# About this task:
The lines from the top of the data down to the line with "Your answer should be very brief. No." should be repeated exactly, both ends included.

(Records from a data collection)
------------------------------------------------------------
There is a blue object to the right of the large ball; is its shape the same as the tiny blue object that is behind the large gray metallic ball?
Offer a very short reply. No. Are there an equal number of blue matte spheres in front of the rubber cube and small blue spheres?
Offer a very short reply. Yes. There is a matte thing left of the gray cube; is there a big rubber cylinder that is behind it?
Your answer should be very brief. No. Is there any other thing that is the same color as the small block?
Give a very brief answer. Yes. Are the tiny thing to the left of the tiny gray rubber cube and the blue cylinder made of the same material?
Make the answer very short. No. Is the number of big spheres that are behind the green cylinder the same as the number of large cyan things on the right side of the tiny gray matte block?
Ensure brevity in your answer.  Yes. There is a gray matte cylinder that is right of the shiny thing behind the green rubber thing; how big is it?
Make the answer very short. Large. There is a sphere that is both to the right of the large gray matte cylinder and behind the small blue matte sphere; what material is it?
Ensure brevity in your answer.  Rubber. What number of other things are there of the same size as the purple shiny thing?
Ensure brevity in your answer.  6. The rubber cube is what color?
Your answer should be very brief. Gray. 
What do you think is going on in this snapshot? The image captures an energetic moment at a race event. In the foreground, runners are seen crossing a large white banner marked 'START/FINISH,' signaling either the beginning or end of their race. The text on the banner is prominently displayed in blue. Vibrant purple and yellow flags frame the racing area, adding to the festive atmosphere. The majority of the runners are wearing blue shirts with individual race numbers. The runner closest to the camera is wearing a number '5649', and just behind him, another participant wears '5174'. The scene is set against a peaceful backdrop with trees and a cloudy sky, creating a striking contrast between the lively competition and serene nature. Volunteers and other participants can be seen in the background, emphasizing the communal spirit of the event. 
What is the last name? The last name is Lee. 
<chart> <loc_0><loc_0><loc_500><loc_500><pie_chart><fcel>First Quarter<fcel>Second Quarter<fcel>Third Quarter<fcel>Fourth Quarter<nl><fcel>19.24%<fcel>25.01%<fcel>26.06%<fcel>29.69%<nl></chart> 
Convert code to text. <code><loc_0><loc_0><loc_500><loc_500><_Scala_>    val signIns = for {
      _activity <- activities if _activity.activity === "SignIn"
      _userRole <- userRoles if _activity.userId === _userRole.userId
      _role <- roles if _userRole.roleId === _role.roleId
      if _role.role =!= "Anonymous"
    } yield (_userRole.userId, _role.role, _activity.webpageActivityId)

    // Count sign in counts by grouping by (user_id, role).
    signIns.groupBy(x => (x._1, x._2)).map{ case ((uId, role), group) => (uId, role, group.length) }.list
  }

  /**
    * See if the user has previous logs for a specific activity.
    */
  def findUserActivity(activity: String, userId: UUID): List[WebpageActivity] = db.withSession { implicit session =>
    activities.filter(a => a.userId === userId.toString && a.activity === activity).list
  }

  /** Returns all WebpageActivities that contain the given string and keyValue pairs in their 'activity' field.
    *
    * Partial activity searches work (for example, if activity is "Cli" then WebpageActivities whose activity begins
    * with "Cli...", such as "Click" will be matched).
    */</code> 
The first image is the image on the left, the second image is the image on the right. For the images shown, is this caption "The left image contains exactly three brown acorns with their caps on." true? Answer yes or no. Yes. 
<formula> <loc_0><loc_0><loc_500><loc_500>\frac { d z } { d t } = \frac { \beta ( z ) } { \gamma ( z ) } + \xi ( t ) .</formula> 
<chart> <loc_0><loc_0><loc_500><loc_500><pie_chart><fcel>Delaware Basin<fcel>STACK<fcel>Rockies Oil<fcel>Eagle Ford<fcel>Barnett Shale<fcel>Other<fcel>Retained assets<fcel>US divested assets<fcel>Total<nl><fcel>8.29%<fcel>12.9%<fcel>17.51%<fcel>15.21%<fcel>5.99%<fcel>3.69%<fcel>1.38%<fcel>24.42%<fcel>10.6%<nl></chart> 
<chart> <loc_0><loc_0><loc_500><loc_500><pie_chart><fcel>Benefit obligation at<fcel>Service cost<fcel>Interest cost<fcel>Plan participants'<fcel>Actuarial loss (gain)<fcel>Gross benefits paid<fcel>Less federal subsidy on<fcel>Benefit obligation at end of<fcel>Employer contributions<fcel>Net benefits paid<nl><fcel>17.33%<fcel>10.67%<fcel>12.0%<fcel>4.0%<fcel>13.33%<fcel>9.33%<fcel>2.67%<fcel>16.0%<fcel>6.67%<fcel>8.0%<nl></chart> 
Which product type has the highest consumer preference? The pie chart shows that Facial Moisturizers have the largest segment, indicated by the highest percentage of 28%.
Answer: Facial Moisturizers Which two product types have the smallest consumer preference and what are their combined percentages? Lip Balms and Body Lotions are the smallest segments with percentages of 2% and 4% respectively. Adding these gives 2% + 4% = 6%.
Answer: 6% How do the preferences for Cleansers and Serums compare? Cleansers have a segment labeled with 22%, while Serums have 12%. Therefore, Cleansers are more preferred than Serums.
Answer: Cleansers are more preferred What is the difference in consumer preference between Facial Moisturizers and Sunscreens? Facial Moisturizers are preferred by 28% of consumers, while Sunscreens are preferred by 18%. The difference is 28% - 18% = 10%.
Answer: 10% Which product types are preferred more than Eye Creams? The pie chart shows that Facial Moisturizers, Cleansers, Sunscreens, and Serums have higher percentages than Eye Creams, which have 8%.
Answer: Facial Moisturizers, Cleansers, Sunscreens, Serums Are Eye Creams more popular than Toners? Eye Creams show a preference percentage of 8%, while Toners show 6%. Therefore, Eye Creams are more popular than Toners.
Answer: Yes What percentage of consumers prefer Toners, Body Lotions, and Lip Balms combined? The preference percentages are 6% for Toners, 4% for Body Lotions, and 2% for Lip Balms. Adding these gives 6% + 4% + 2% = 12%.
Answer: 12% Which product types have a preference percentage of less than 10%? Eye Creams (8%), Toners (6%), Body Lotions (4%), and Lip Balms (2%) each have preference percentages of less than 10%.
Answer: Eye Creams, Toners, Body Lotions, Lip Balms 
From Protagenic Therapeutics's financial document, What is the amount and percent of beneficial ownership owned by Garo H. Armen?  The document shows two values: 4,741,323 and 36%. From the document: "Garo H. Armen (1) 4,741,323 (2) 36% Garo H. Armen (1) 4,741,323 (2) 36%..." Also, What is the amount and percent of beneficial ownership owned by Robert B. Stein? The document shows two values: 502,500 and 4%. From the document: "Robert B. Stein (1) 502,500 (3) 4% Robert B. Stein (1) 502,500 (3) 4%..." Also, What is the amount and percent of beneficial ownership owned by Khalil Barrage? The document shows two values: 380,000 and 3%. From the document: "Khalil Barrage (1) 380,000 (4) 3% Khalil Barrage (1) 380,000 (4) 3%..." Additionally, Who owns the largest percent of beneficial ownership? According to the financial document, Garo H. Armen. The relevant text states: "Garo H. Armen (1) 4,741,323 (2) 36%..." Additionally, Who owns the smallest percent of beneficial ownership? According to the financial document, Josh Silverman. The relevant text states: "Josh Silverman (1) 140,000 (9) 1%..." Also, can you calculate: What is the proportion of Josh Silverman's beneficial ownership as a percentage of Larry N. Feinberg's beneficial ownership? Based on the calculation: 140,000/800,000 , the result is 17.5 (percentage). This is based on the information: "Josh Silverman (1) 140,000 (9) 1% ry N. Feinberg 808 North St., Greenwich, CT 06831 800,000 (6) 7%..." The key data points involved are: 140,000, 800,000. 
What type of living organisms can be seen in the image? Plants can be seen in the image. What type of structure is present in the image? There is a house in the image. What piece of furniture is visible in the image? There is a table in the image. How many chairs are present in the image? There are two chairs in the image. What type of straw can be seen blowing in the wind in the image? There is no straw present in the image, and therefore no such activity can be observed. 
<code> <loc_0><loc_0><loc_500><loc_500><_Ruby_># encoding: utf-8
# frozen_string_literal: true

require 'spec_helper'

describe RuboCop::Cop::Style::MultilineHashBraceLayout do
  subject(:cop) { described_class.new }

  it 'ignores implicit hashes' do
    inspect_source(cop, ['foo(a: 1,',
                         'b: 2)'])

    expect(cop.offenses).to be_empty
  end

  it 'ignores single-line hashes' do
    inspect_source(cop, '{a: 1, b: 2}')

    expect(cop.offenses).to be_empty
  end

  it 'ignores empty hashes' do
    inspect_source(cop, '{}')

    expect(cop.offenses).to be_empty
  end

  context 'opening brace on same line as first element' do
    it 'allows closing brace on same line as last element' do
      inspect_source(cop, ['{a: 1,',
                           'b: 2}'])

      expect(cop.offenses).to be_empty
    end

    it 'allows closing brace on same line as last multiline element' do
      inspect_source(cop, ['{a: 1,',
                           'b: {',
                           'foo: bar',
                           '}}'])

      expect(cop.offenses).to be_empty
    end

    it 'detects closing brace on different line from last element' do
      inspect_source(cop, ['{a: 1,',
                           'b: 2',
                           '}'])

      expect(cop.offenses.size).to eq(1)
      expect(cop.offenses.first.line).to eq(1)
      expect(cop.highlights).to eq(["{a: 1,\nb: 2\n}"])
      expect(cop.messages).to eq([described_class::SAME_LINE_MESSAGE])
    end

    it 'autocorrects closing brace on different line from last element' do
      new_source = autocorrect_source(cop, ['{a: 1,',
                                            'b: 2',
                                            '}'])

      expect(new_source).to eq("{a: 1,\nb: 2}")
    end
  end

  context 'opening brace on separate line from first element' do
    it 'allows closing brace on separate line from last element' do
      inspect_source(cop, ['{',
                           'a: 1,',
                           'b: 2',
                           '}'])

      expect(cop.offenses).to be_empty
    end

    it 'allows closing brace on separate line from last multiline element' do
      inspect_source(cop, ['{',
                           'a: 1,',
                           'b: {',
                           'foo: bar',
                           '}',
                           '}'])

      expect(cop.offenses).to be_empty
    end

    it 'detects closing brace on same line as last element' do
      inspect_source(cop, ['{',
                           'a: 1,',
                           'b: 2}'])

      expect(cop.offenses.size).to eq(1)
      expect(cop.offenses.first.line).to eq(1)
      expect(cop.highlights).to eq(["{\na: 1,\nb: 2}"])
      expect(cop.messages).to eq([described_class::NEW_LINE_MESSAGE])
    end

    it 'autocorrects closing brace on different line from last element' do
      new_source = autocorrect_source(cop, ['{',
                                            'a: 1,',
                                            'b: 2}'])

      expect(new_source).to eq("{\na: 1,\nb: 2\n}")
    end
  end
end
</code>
------------------------------------------------------------
# Written answer:
There is a blue object to the right of the large ball; is its shape the same as the tiny blue object that is behind the large gray metallic ball?
Offer a very short reply. No. Are there an equal number of blue matte spheres in front of the rubber cube and small blue spheres?
Offer a very short reply. Yes. There is a matte thing left of the gray cube; is there a big rubber cylinder that is behind it?
Your answer should be very brief. No. Is there any other thing that is the same color as the small block?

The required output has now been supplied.